I have created a model using this transfer learning tutorial however when I use it the GPU memory finishes because whenever I do model(tensor) some memory is occupied. the larger the tensor the larger the memory occupied. and this is not released even upon torch.cuda.empty_cache() and even when I use with torch.no_grad.

this is the error I get
CUDA out of memory. Tried to allocate 5.86 GiB. GPU 0 has a total capacity of 15.89 GiB of which 3.68 GiB is free. Process 3018 has 12.21 GiB memory in use. Of the allocated memory 11.74 GiB is allocated by PyTorch, and 181.37 MiB is reserved by PyTorch but unallocated. If reserved but unallocated memory is large try setting PYTORCH_CUDA_ALLOC_CONF=expandable_segments:True to avoid fragmentation.
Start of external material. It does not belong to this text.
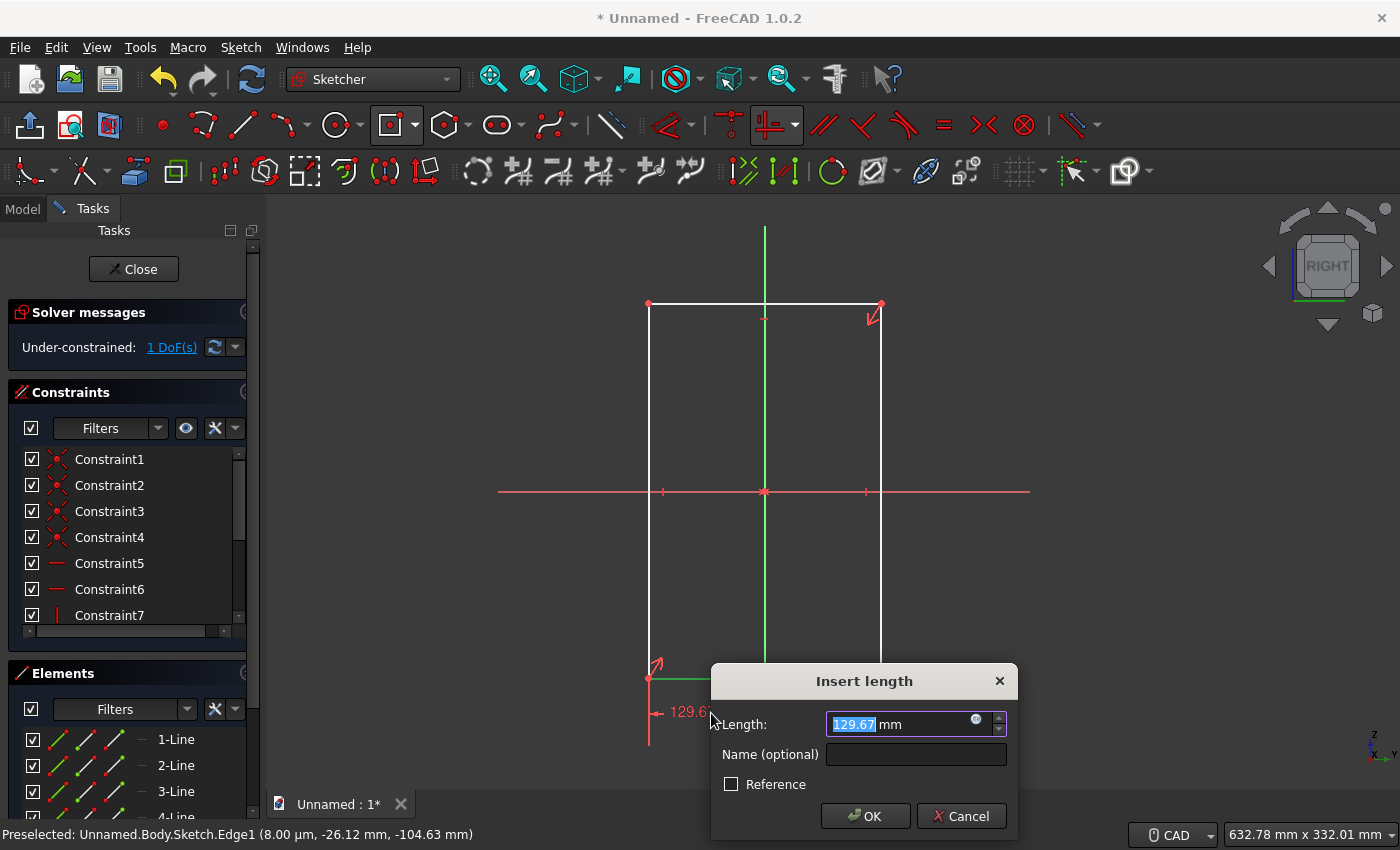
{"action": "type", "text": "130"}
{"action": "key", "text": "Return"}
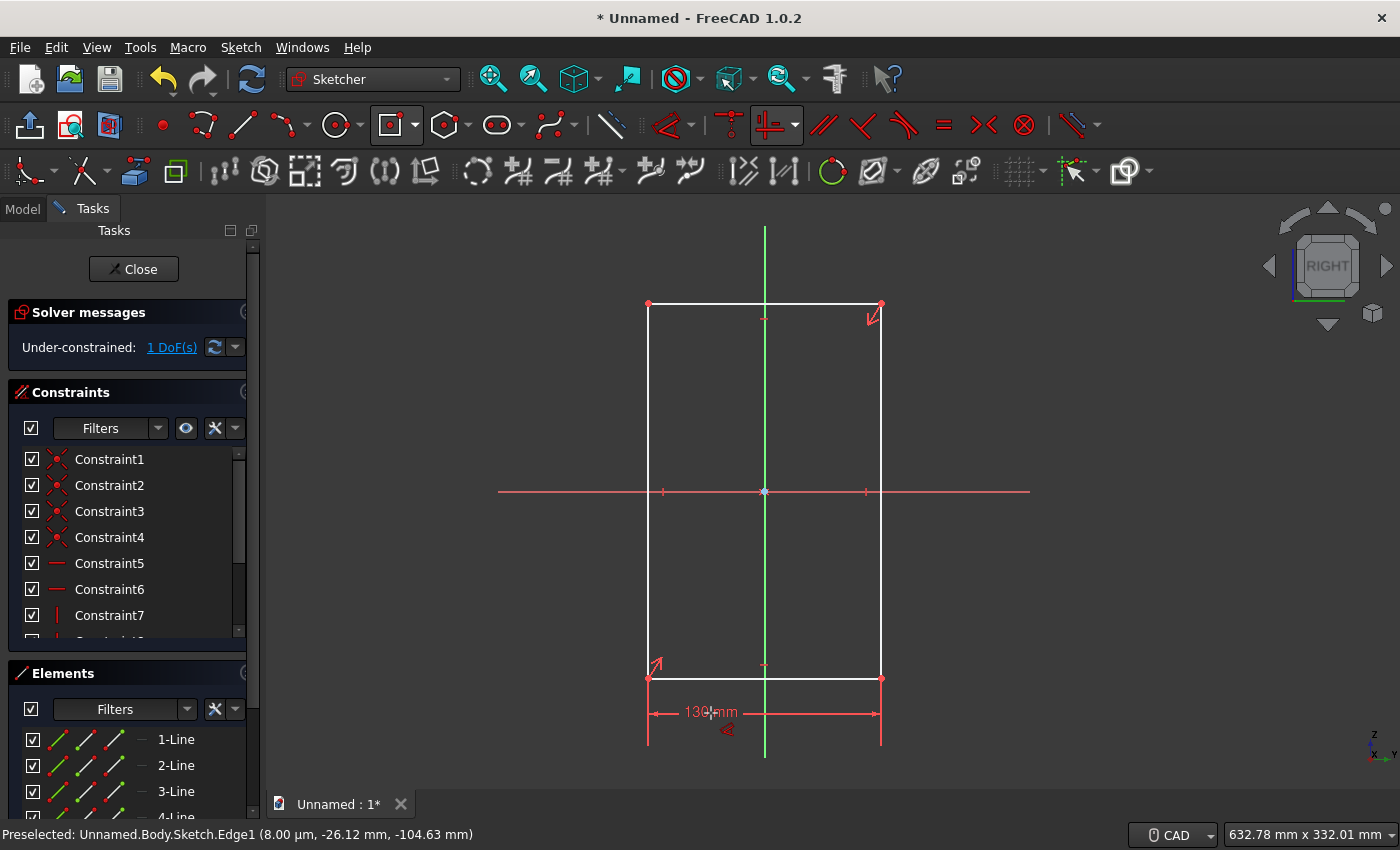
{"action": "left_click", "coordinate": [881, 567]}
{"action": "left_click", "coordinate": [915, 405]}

See documentation for Memory Management (https://pytorch.org/docs/stable/notes/cuda.html#environment-variables)

the process 3018 line I’m getting for the first time , however it most probably is just pytorch
here is the kaggle link

Calling torch.cuda.empty_cache() will clear the cache but will not release allocated and used memory. If you want to release all memory you need to delete all objects allocating memory first. The error could this be expected assuming an intermediate tensor must to created and triggers the OOM.